Ok so this is a little bit off the actual Great Alpine Highway, but when you come here you want to take a good look around. And Hokitika Gorge is one of nature’s marvels. Featuring a short and easy walk that includes a swing bridge, (breath through the vertigo), your reward upon arriving will be the sight of a rock and forest fringed body of the brightest blue water you’re ever likely to see. The spectacular shade of the water is due to the fact that the pool is fed directly from Earth’s purest glaciers. With easy to follow signposts, you won’t need to put a filter on the photos you take at this beauty spot.
The West Coast Treetops Walk and Cafe is another little deviation from the highway proper - but well worth the extra few kilometres of scenic driving - because the walk is your chance to get up close and personal with New Zealand’s temperate rainforest giants. Climb 20 metres into the canopy and experience what life might be like for the birds high in the ancient rimu and kamahi trees. With over 450 metres of steel platforms, leave an hour to complete the walk, although you may wish to linger on the tower that looks out over the spectacular Southern Alps. And if all that fresh air has made you peckish, you can stop in at the café for a bite to eat.

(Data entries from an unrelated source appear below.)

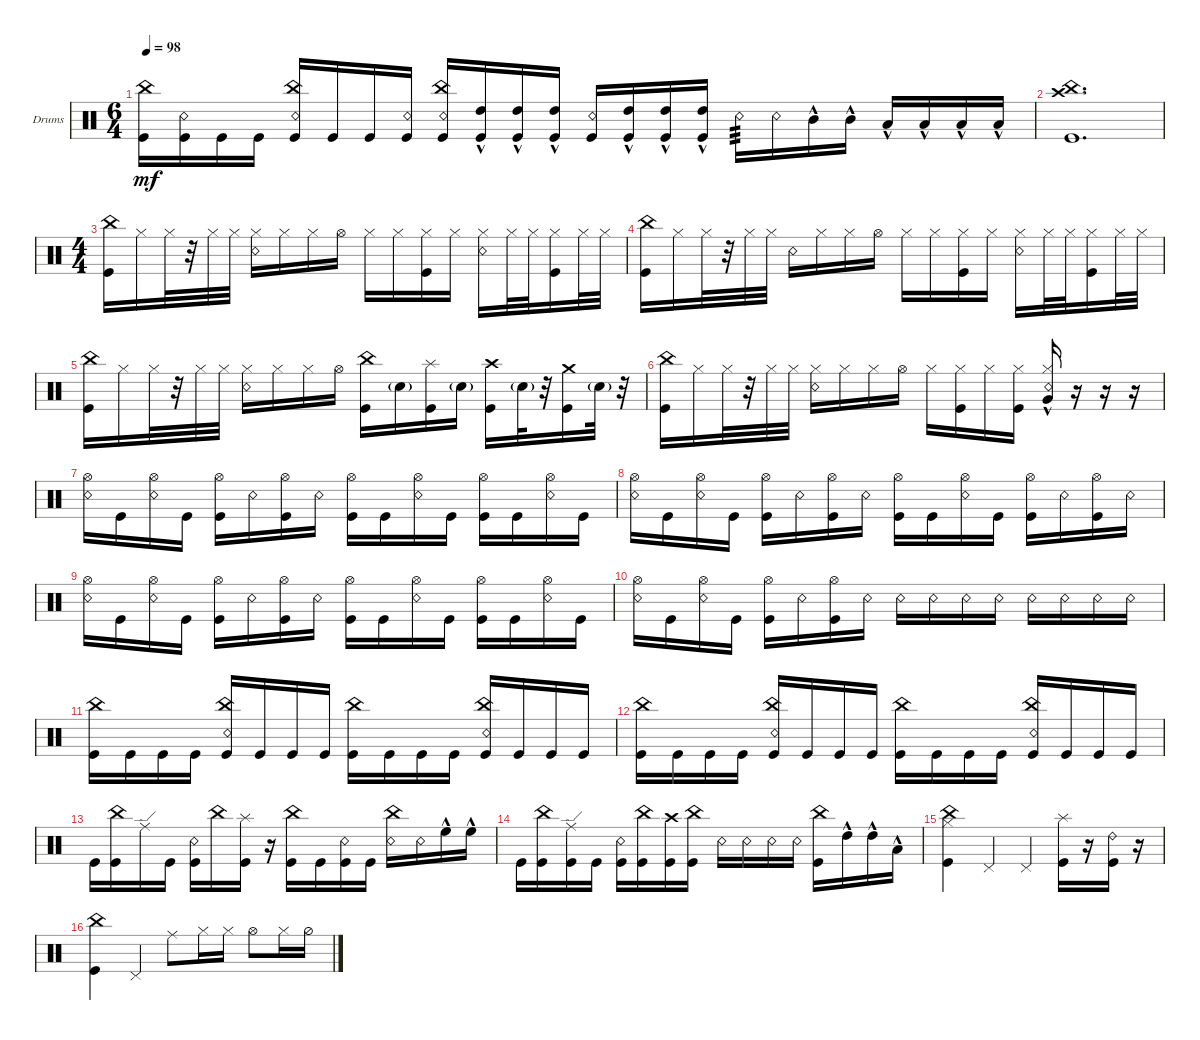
\defaultSystemsLayout 4
\bracketExtendMode groupsimilarinstruments
\firstSystemTrackNameOrientation horizontal
\otherSystemsTrackNameOrientation horizontal
\track ("Drumkit" "Drums") {instrument percussion}
\staff {score}
\articulation defaults
\ts (6 4)
\tempo 98
\clef neutral
\scale
0.333333
\ks c
("Kick (hit)" "China (hit)").16{dy mf} ("Kick (hit)" "Snare (rim shot)").16 "Kick (hit)".16 "Kick (hit)".16 ("Kick (hit)" "China (hit)" "Snare (rim shot)").16 "Kick (hit)".16 "Kick (hit)".16 ("Kick (hit)" "Snare (rim shot)").16 ("Kick (hit)" "China (hit)" "Snare (rim shot)").16 ("Kick (hit)" "High Tom (hit)"{hac}).16 ("Kick (hit)" "High Tom (hit)"{hac}).16 ("Kick (hit)" "High Tom (hit)"{hac}).16 ("Kick (hit)" "Snare (rim shot)").16 ("Kick (hit)" "High Tom (hit)"{hac}).16 ("Kick (hit)" "High Tom (hit)"{hac}).16 ("Kick (hit)" "High Tom (hit)"{hac}).16 "Snare (rim shot)".16{tp 3} "Snare (rim shot)".16 "Mid Tom (hit)"{hac}.16 "Mid Tom (hit)"{hac}.16 "Low Tom (hit)"{hac}.16 "Low Tom (hit)"{hac}.16 "Low Tom (hit)"{hac}.16 "Low Tom (hit)"{hac}.16 |
("Kick (hit)" "China (hit)" "Crash high (hit)").1{d} |
\ts (4 4)
\scale
0.333333 ("Kick (hit)" "China (hit)").16 "Hi-Hat (closed)".16 "Hi-Hat (closed)".32 r.32 "Hi-Hat (closed)".32 "Hi-Hat (closed)".32 ("Hi-Hat (closed)" "Snare (rim shot)").16 "Hi-Hat (closed)".16 "Hi-Hat (closed)".16 "Hi-Hat (open)".16 "Hi-Hat (closed)".16 "Hi-Hat (closed)".16 ("Hi-Hat (closed)" "Kick (hit)").16 "Hi-Hat (closed)".16 ("Hi-Hat (closed)" "Snare (rim shot)").16 "Hi-Hat (closed)".32 "Hi-Hat (closed)".32 ("Hi-Hat (closed)" "Kick (hit)").16 "Hi-Hat (closed)".32 "Hi-Hat (closed)".32 |
\scale
0.333333 ("Kick (hit)" "China (hit)").16 "Hi-Hat (closed)".16 "Hi-Hat (closed)".32 r.32 "Hi-Hat (closed)".32 "Hi-Hat (closed)".32 "Snare (rim shot)".16 "Hi-Hat (closed)".16 "Hi-Hat (closed)".16 "Hi-Hat (open)".16 "Hi-Hat (closed)".16 "Hi-Hat (closed)".16 ("Hi-Hat (closed)" "Kick (hit)").16 "Hi-Hat (closed)".16 ("Hi-Hat (closed)" "Snare (rim shot)").16 "Hi-Hat (closed)".32 "Hi-Hat (closed)".32 ("Hi-Hat (closed)" "Kick (hit)").16 "Hi-Hat (closed)".32 "Hi-Hat (closed)".32 |
\scale
0.333333 ("Kick (hit)" "China (hit)").16 "Hi-Hat (closed)".16 "Hi-Hat (closed)".32 r.32 "Hi-Hat (closed)".32 "Hi-Hat (closed)".32 ("Hi-Hat (closed)" "Snare (rim shot)").16 "Hi-Hat (closed)".16 "Hi-Hat (closed)".16 "Hi-Hat (open)".16 ("China (hit)" "Kick (hit)").16 "Snare (hit) 2"{g}.16 ("Kick (hit)" "Splash (hit)").16 "Snare (hit) 2"{g}.16 ("Kick (hit)" "Crash high (hit)").16 "Snare (hit) 2"{g}.32 r.32 ("Kick (hit)" "Crash medium (hit)").16 "Snare (hit) 2"{g}.32 r.32 |
\scale
0.333333 ("Kick (hit)" "China (hit)").16 "Hi-Hat (closed)".16 "Hi-Hat (closed)".32 r.32 "Hi-Hat (closed)".32 "Hi-Hat (closed)".32 ("Hi-Hat (closed)" "Snare (rim shot)").16 "Hi-Hat (closed)".16 "Hi-Hat (closed)".16 "Hi-Hat (open)".16 "Hi-Hat (closed)".16 ("Hi-Hat (closed)" "Kick (hit)").16 "Hi-Hat (closed)".16 ("Hi-Hat (closed)" "Kick (hit)").16 ("Hi-Hat (closed)" "Snare (rim shot)" "Very Low Tom (hit)"{hac}).16 r.16 r.16 r.16 |
\scale
0.333333 ("Snare (rim shot)" "Hi-Hat (open)").16 "Kick (hit)".16 ("Snare (rim shot)" "Hi-Hat (open)").16 "Kick (hit)".16 ("Kick (hit)" "Hi-Hat (open)").16 "Snare (rim shot)".16 ("Kick (hit)" "Hi-Hat (open)").16 "Snare (rim shot)".16 ("Kick (hit)" "Hi-Hat (open)").16 "Kick (hit)".16 ("Snare (rim shot)" "Hi-Hat (open)").16 "Kick (hit)".16 ("Kick (hit)" "Hi-Hat (open)").16 "Kick (hit)".16 ("Snare (rim shot)" "Hi-Hat (open)").16 "Kick (hit)".16 |
("Snare (rim shot)" "Hi-Hat (open)").16 "Kick (hit)".16 ("Snare (rim shot)" "Hi-Hat (open)").16 "Kick (hit)".16 ("Kick (hit)" "Hi-Hat (open)").16 "Snare (rim shot)".16 ("Kick (hit)" "Hi-Hat (open)").16 "Snare (rim shot)".16 ("Kick (hit)" "Hi-Hat (open)").16 "Kick (hit)".16 ("Snare (rim shot)" "Hi-Hat (open)").16 "Kick (hit)".16 ("Kick (hit)" "Hi-Hat (open)").16 "Snare (rim shot)".16 ("Kick (hit)" "Hi-Hat (open)").16 "Snare (rim shot)".16 |
("Snare (rim shot)" "Hi-Hat (open)").16 "Kick (hit)".16 ("Snare (rim shot)" "Hi-Hat (open)").16 "Kick (hit)".16 ("Kick (hit)" "Hi-Hat (open)").16 "Snare (rim shot)".16 ("Kick (hit)" "Hi-Hat (open)").16 "Snare (rim shot)".16 ("Kick (hit)" "Hi-Hat (open)").16 "Kick (hit)".16 ("Snare (rim shot)" "Hi-Hat (open)").16 "Kick (hit)".16 ("Kick (hit)" "Hi-Hat (open)").16 "Kick (hit)".16 ("Snare (rim shot)" "Hi-Hat (open)").16 "Kick (hit)".16 |
("Snare (rim shot)" "Hi-Hat (open)").16 "Kick (hit)".16 ("Snare (rim shot)" "Hi-Hat (open)").16 "Kick (hit)".16 ("Kick (hit)" "Hi-Hat (open)").16 "Snare (rim shot)".16 ("Kick (hit)" "Hi-Hat (open)").16 "Snare (rim shot)".16 "Snare (rim shot)".16 "Snare (rim shot)".16 "Snare (rim shot)".16 "Snare (rim shot)".16 "Snare (rim shot)".16 "Snare (rim shot)".16 "Snare (rim shot)".16 "Snare (rim shot)".16 |
\scale
0.333333 ("Kick (hit)" "China (hit)").16 "Kick (hit)".16 "Kick (hit)".16 "Kick (hit)".16 ("Kick (hit)" "China (hit)" "Snare (rim shot)").16 "Kick (hit)".16 "Kick (hit)".16 "Kick (hit)".16 ("Kick (hit)" "China (hit)").16 "Kick (hit)".16 "Kick (hit)".16 "Kick (hit)".16 ("Kick (hit)" "Snare (rim shot)" "China (hit)").16 "Kick (hit)".16 "Kick (hit)".16 "Kick (hit)".16 |
\scale
0.333333 ("Kick (hit)" "China (hit)").16 "Kick (hit)".16 "Kick (hit)".16 "Kick (hit)".16 ("Kick (hit)" "China (hit)" "Snare (rim shot)").16 "Kick (hit)".16 "Kick (hit)".16 "Kick (hit)".16 ("Kick (hit)" "China (hit)").16 "Kick (hit)".16 "Kick (hit)".16 "Kick (hit)".16 ("Kick (hit)" "Snare (rim shot)" "China (hit)").16 "Kick (hit)".16 "Kick (hit)".16 "Kick (hit)".16 |
\scale
0.333333 "Kick (hit)".16 ("Kick (hit)" "China (hit)").16 "Ride (edge)".16 "Kick (hit)".16 ("Kick (hit)" "Snare (rim shot)").16 "China (hit)".16 ("Kick (hit)" "Splash (hit)").16 r.16 ("Kick (hit)" "China (hit)").16 "Kick (hit)".16 ("Kick (hit)" "Snare (rim shot)").16 "Kick (hit)".16 ("Snare (rim shot)" "China (hit)").16 "Snare (rim shot)".16 "High Floor Tom (hit)"{hac}.16 "High Floor Tom (hit)"{hac}.16 |
\scale
0.333333 "Kick (hit)".16 ("Kick (hit)" "China (hit)").16 ("Kick (hit)" "Ride (edge)").16 "Kick (hit)".16 ("Kick (hit)" "Snare (rim shot)").16 ("Kick (hit)" "China (hit)").16 ("Kick (hit)" "Crash high (hit)").16 ("Kick (hit)" "China (hit)").16 "Snare (rim shot)".16 "Snare (rim shot)".16 "Snare (rim shot)".16 "Snare (rim shot)".16 ("Kick (hit)" "China (hit)").16 "High Tom (hit)"{hac}.16 "High Tom (hit)"{hac}.16 "Low Tom (hit)"{hac}.16 |
\scale
0.333333 ("China (hit)" "Kick (hit)" "Hi-Hat (closed)").4 "Pedal Hi-Hat (hit)".4 "Pedal Hi-Hat (hit)".4 ("Splash (hit)" "Kick (hit)").16 r.16 ("Kick (hit)" "Ride (bell) 2").16 r.16 |
\scale
0.333333 ("Kick (hit)" "China (hit)").4 "Pedal Hi-Hat (hit)".4 "Ride (middle)".8 "Hi-Hat (closed)".16 "Hi-Hat (closed)".16 "Hi-Hat (open)".8 "Hi-Hat (closed)".16 "Hi-Hat (half)".16

This recreation of an old gold rush village contains everything from restored steam trains to a working sawmill, gold panning opportunities, a holographic theatre, a marvellous museum, and King Dick’s Café. And because there’s so much to experience while visiting this labour of love, it’s advisable to spend a full day here. On your way through, be sure to stop in at Garth Wilson Jade, the emporium of a local carver whose work is world-class. Not only can you watch Garth work, he also teaches visitors all about this traditional Maori art form and will help you find the right design that you’ll treasure forever.